CHWs and Team Based Care

Implementing targeted strategies resulting in measurable impacts

Arizona CHW Workforce Advocates

Arizona CHW Workforce Support

Stakeholders supporting the CHW workforce

Advisory Council

Arizona CHW Certification Advisory Council

Appointed by the Director of ADHS to make recommendations to the department regarding CHW certification requirements and standards.

What is a Community Health Worker (CHW)

Community Health Workers are essential components to the current and future infrastructure of healthcare. Community Health Worker (CHW) is an umbrella term used to encompass many different job descriptions including Community Health Representatives, Patient Navigator, Promotores de Salud, Community Health Advisors and Cultural Health Navigators, to name a few.

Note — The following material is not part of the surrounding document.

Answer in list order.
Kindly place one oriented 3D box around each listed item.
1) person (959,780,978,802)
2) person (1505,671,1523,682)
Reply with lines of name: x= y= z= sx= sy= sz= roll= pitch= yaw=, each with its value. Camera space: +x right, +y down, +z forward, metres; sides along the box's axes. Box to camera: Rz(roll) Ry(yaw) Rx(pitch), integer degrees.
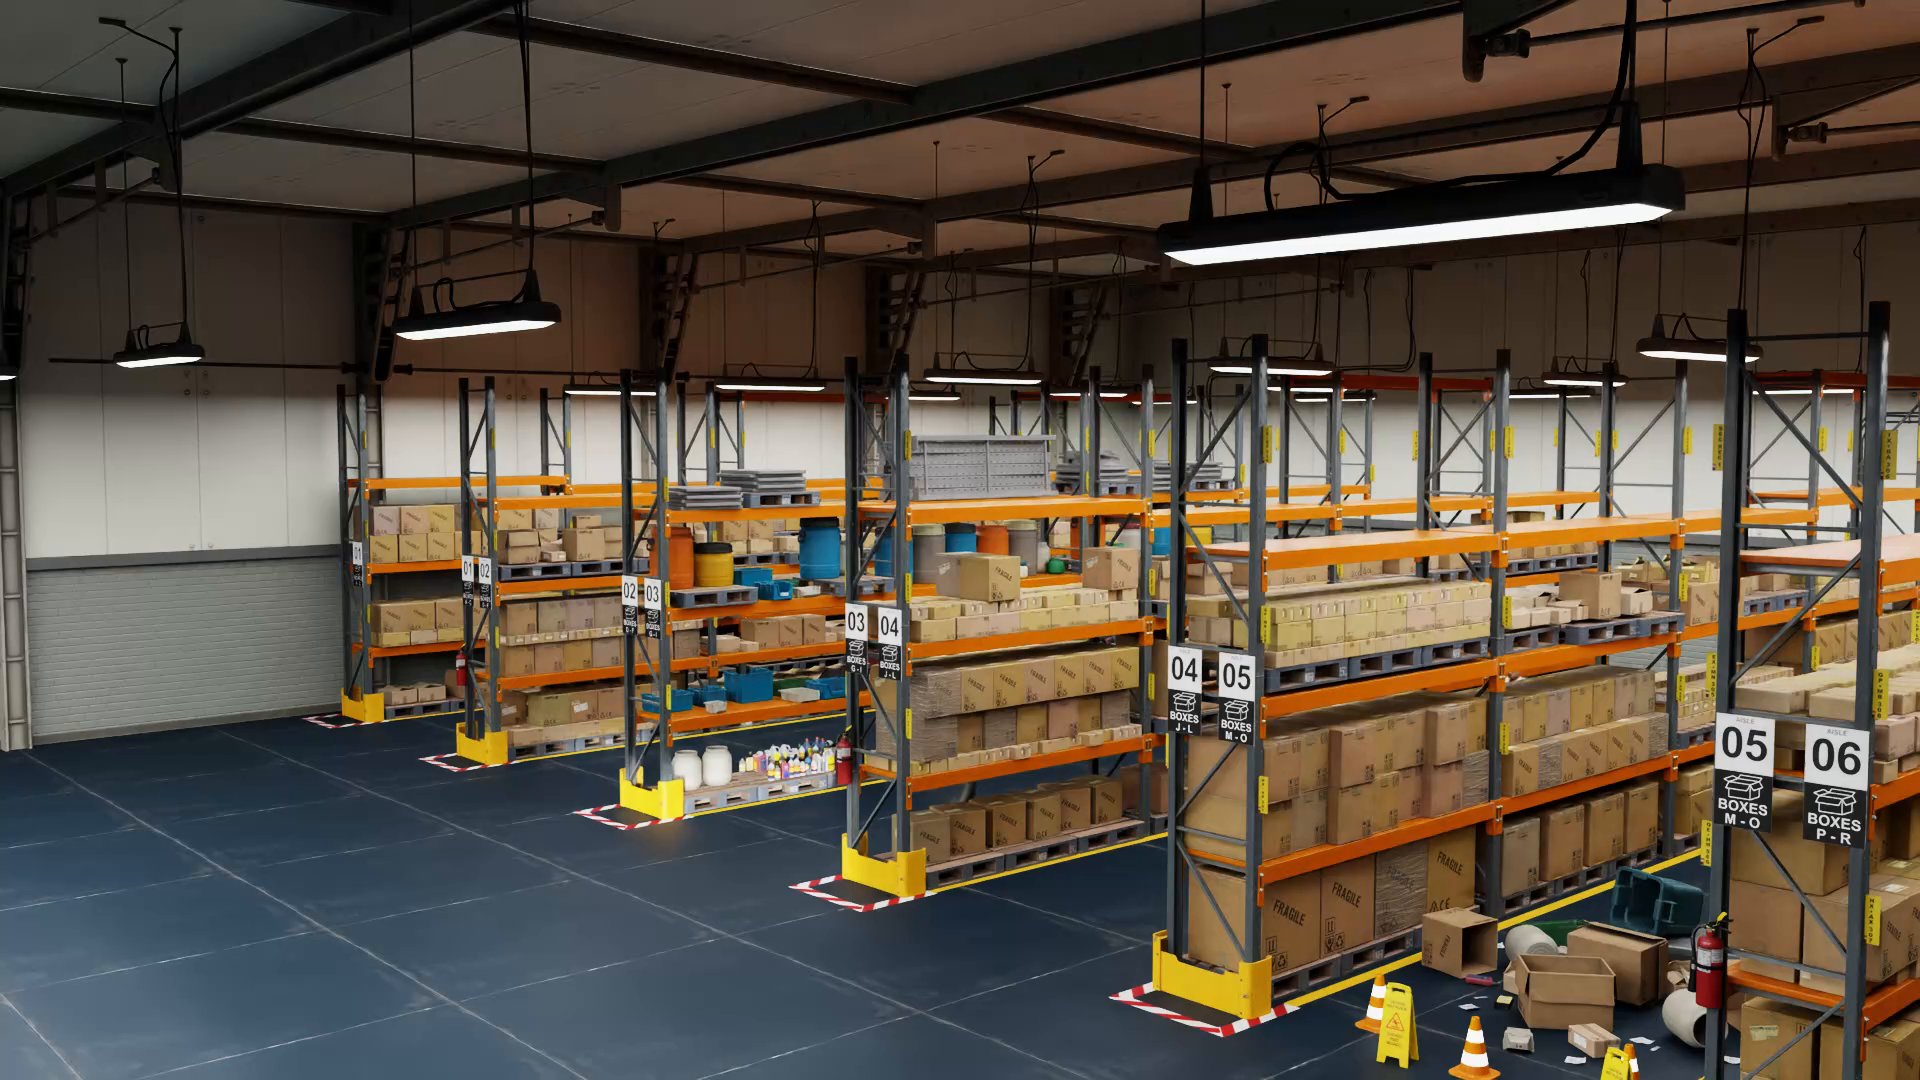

It is well known throughout the country the Community Health Worker movement has deep roots in Arizona from both the long history of Community Health Representatives in tribal communities dating back to the early 1960 as well as the Arizona promotora movement dating back to the Healthy Start/Un Comienzo Sano program in Yuma, Arizona in the 1980s.

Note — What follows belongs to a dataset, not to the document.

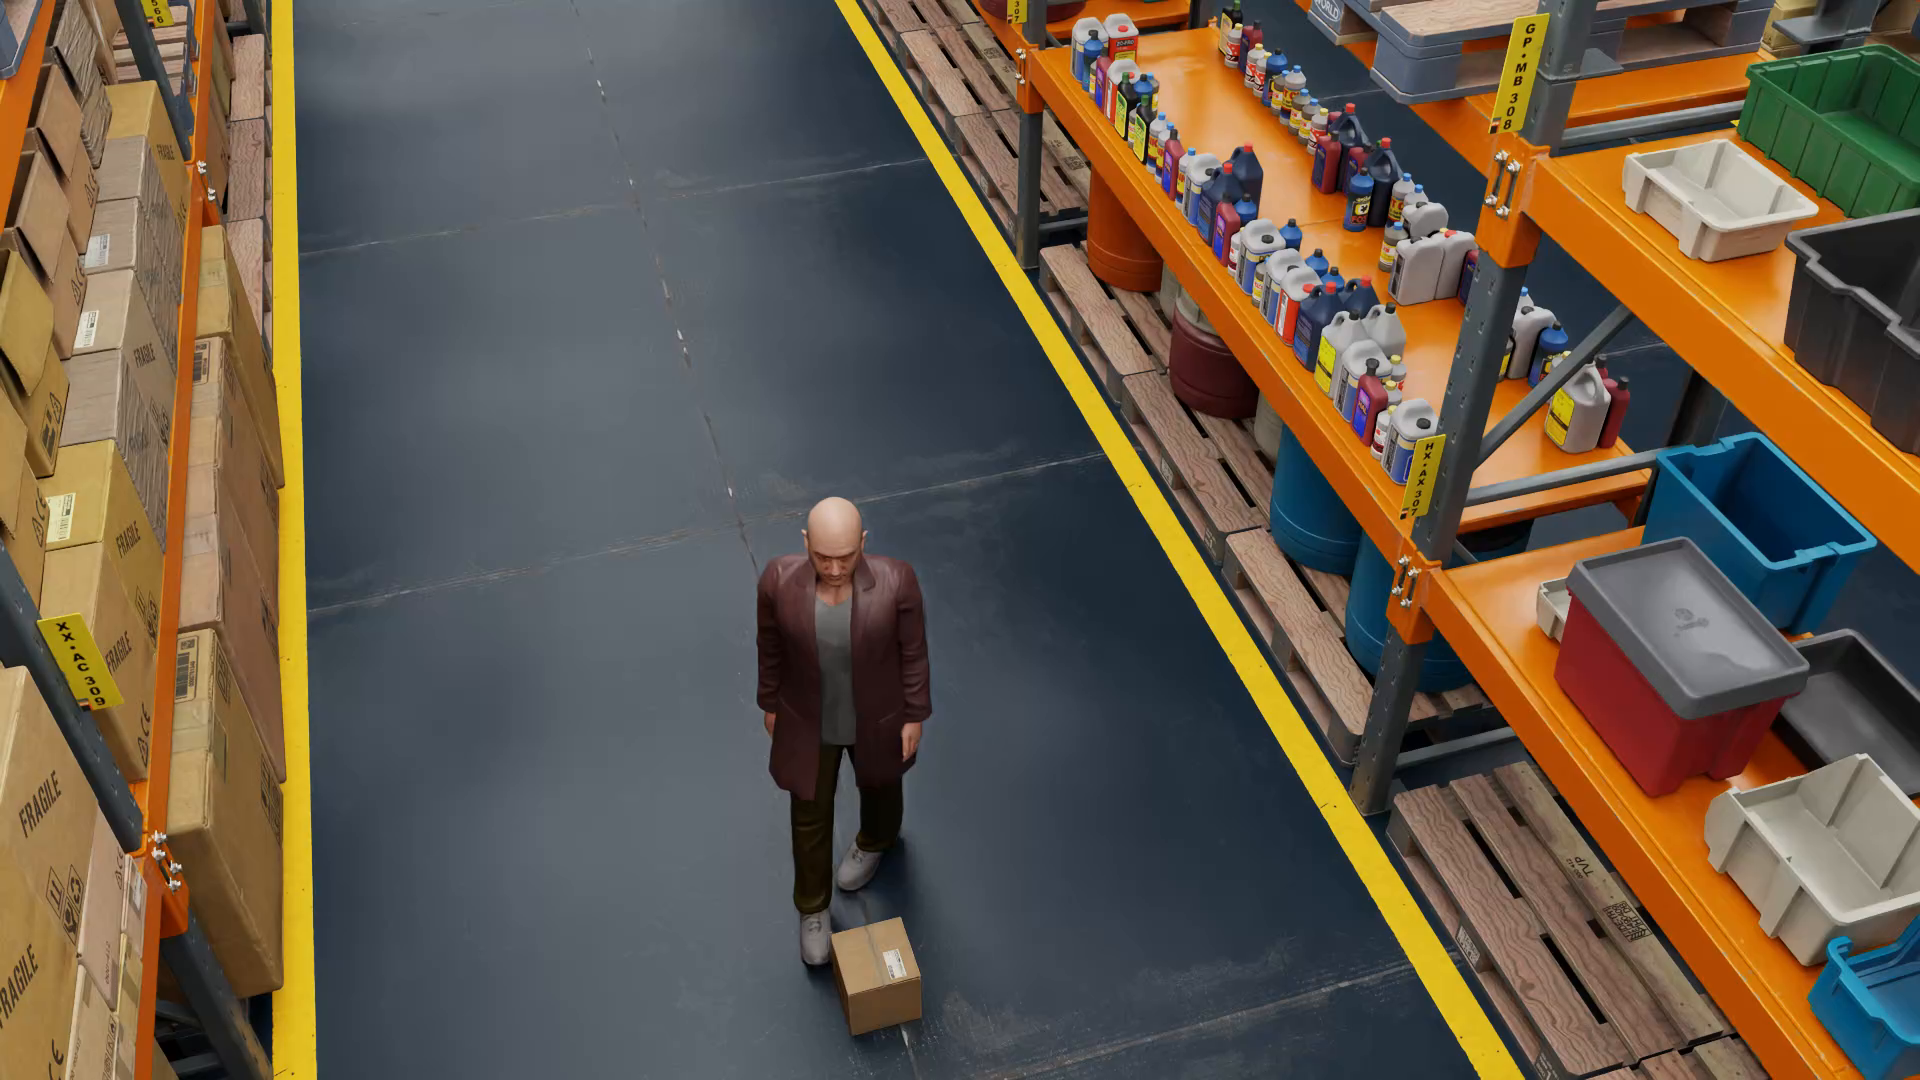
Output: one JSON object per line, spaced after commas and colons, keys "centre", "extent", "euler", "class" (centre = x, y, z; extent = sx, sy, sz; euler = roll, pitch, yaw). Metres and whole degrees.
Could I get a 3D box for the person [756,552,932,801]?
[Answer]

Community Health Workers are frontline public health workers who are trusted members of and/or have an in depth understanding of the community served. This trusting relationship enables the CHW to serve as a liaison/link/intermediary between health/social serves and the community to facilitate access to services and improve the quality and cultural competence of service delivery. A CHW also builds individual and community capacity by increasing health knowledge and self-sufficiency through a range of activities such as outreach, community education, informal counseling, social support and advocacy. (Adopted from the American Public Health Association, 2009)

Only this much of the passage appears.